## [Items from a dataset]
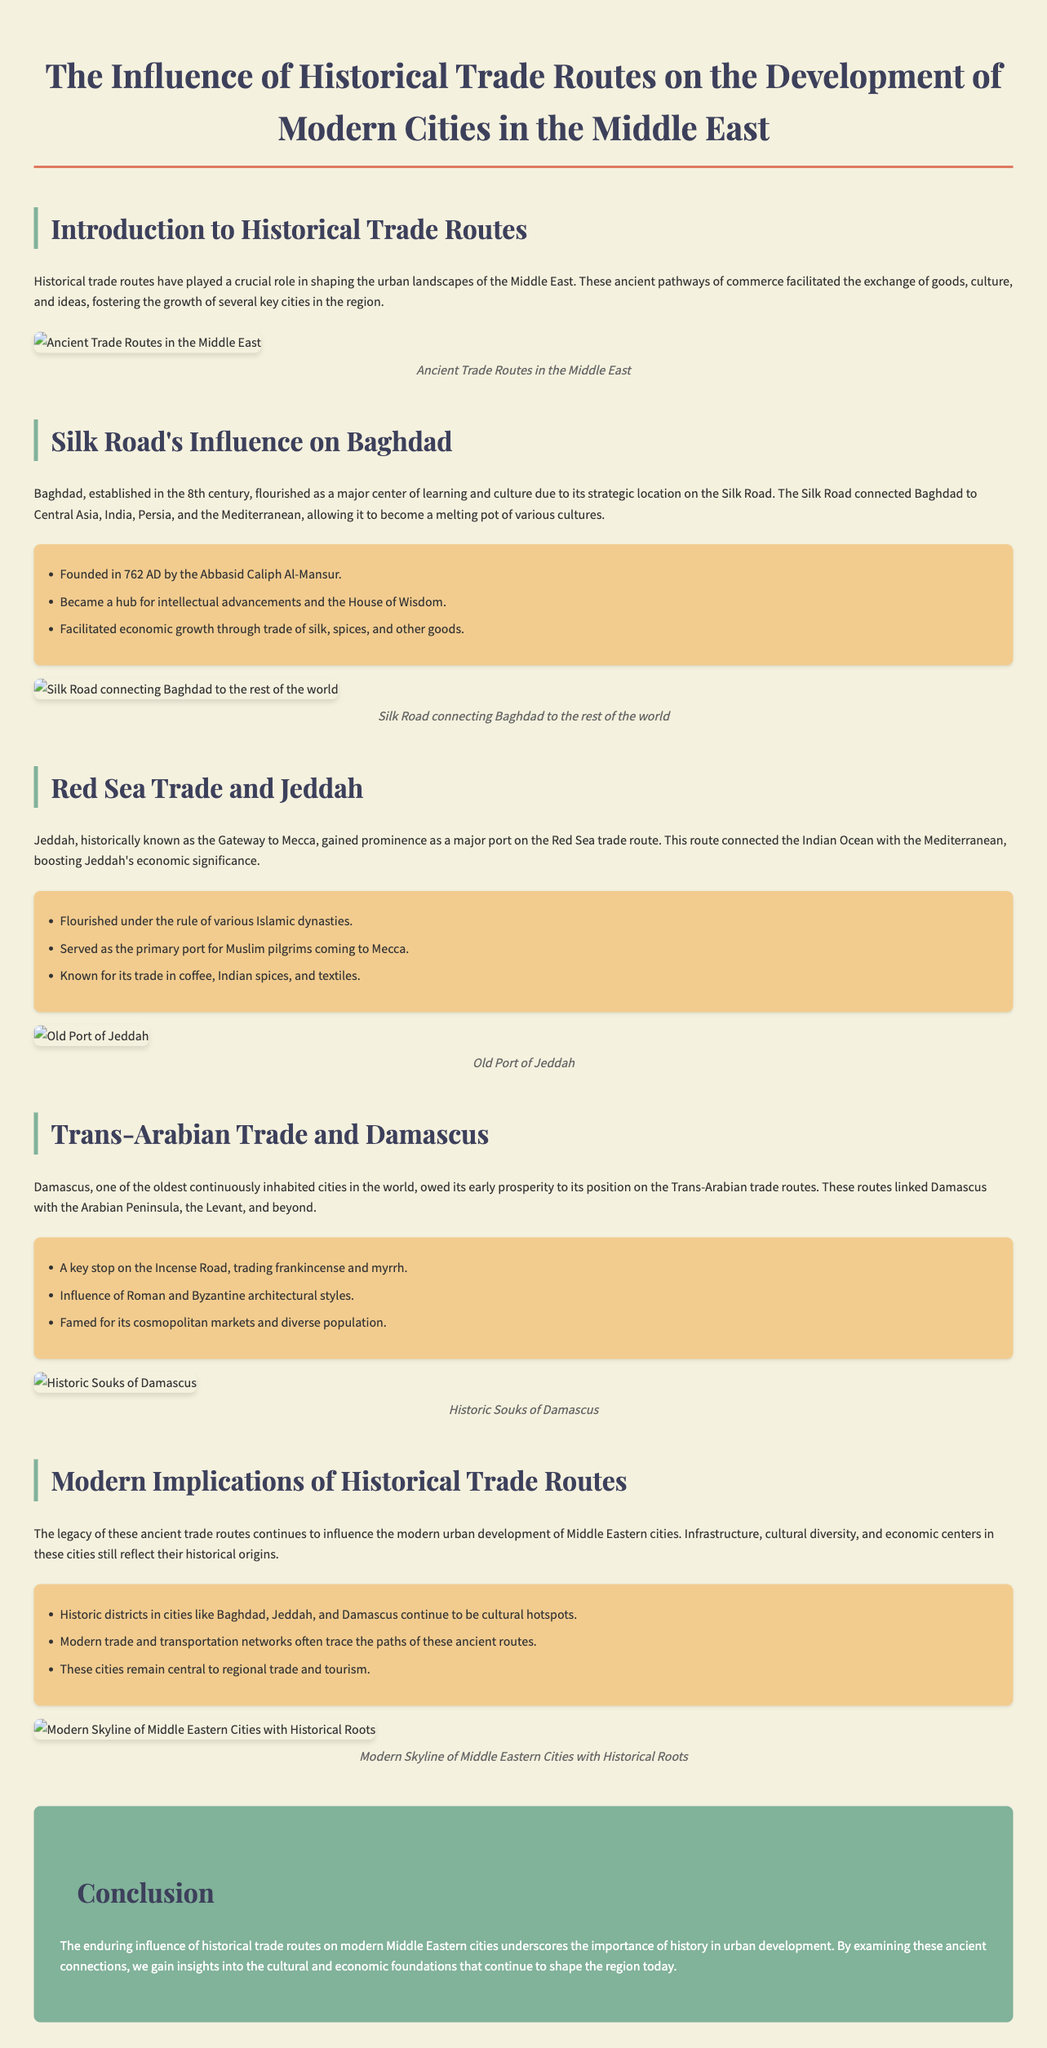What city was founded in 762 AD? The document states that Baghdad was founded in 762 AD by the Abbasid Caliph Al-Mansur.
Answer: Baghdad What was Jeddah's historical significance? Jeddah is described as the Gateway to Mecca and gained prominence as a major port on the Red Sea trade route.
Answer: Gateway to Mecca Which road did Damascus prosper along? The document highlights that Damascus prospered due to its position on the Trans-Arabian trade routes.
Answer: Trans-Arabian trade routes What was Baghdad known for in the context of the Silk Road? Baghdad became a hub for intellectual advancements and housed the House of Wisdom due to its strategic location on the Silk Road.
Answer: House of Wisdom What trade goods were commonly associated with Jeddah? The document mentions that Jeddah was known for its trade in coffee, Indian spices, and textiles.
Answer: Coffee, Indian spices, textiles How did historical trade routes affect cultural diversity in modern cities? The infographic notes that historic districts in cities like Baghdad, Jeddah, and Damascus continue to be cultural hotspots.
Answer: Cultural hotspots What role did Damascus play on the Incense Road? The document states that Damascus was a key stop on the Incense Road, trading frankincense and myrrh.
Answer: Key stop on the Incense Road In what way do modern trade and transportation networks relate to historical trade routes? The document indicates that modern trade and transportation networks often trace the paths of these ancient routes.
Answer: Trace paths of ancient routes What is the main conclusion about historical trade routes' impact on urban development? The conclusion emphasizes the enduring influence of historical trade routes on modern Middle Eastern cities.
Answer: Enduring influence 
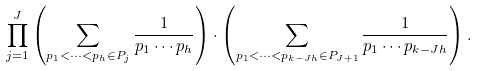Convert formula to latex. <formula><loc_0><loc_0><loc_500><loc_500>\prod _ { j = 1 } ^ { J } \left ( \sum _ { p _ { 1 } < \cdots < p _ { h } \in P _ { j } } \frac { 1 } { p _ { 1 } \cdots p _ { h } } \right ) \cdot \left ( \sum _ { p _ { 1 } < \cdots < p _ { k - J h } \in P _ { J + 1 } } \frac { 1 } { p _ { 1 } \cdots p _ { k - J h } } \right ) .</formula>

## [Your objective]
Your task is to find every line above containing the word "textiles" and copy it.

## [Task solution]
Answer: House of Wisdom What trade goods were commonly associated with Jeddah? The document mentions that Jeddah was known for its trade in coffee, Indian spices, and textiles.
Answer: Coffee, Indian spices, textiles How did historical trade routes affect cultural diversity in modern cities? The infographic notes that historic districts in cities like Baghdad, Jeddah, and Damascus continue to be cultural hotspots.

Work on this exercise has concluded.